Подскочив в постели, я спросил у Гульды шепотом:

— Это было страшно, да?

— Как тебе сказать, — засмеялась она.

— Такой спектакль! И я провалил его!

— Видишь ли… По-моему, провалить Вагнера не так-то просто: девять десятых театра все равно ничего не понимают.

— Но актеры, директор!.. И ведь если меня вывели, значит, видала публика!

— Я видела — что-то неладно. Но, право, успокойся, ничего особенного. Мне потом объяснили, что музыкально ты, собственно, не очень наврал, а только повторил не к месту свои слова в один голос с булочником.

— С булочником? А потом?

— А потом тебя увели.

Я лег и закрылся подушкой.

— Капельмейстер! — дыхнул я в подушку. — Газеты!

Мне было жутко смотреть на свет. Гульда утешала меня из сострадания, и это было еще тяжелее.

— Кончено с театром, — вздохнув, сказал я, когда немного прошел стыд.

— Ну что же, — отозвалась Гульда, — надо было ждать.

Я не ответил ей.

Постепенно, с улучшением здоровья, стала появляться надежда, что все снова наладится. В конце концов, в чем состояла моя вина? Испанкой мог заболеть всякий — полтеатра болело ей! А что я на сцене попел лишнего, так это скоро забудется.

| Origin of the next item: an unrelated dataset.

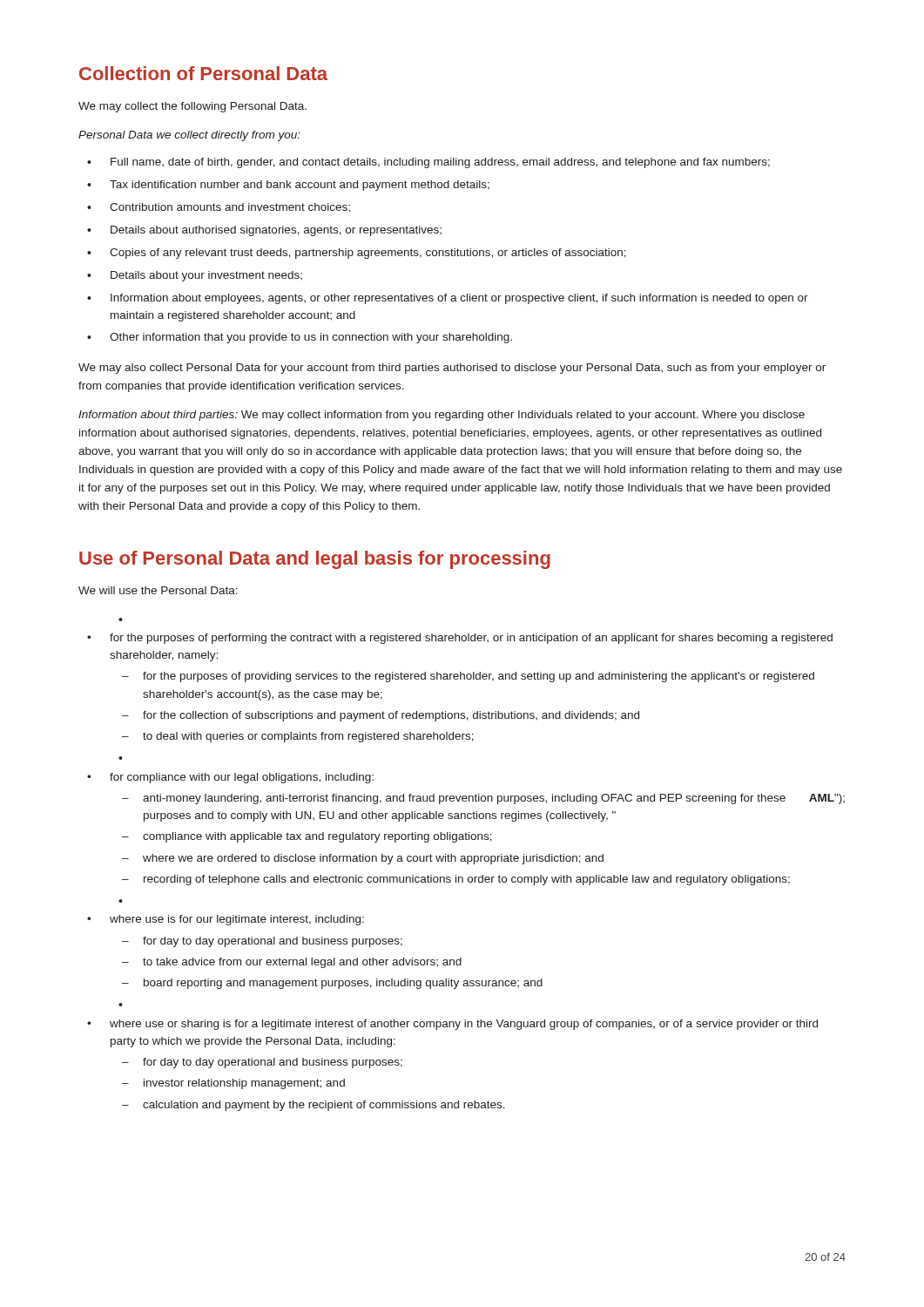Screen dimensions: 1307x924
Task: Click the passage that begins "Contribution amounts and investment"
Action: (230, 207)

Так как у меня болело горло и доктор запретил говорить, я держал свою надежду про себя, и настроение делалось веселее. Гульда тоже чувствовала себя превосходно, потому что, не слыша от меня ничего о театре, была убеждена, что я бросил о нем думать. Она много читала вслух, нередко вычитанное в книгах переговаривалось с тем, о чем мы мечтали, или просто находило продолжение в жизни. Мы пристрастились к стихам русских поэтов (экспрессионисты в своем журнале переводили всех их подряд, потому что русское считалось синонимом революционного), потом перешли на Рихарда Демеля, потом — на Гейне. Смеясь, Гульда распевала вслед за ним из «Песни Песней»:

Женское тело — это стихи, Они написаны богом.

Все больше поправляясь, я учил эти стихи ночами напролет, и мы придумывали, какую жертву принести испанке за то, что она дала нам такой долгий, такой драгоценный отпуск.

Но отпуск кончился, и — с бьющимся сердцем — я пошел в театр, прямо к директору. Он поздоровался со мной участливо и, обкуривая меня добротным сигарным дымом, быстро заговорил:

— Да, испанка. Не хватало только ее в такое тяжелое время. Если так будет продолжаться, пожалуй, придет и чума. Но, как говорится, мы, немцы, продержимся.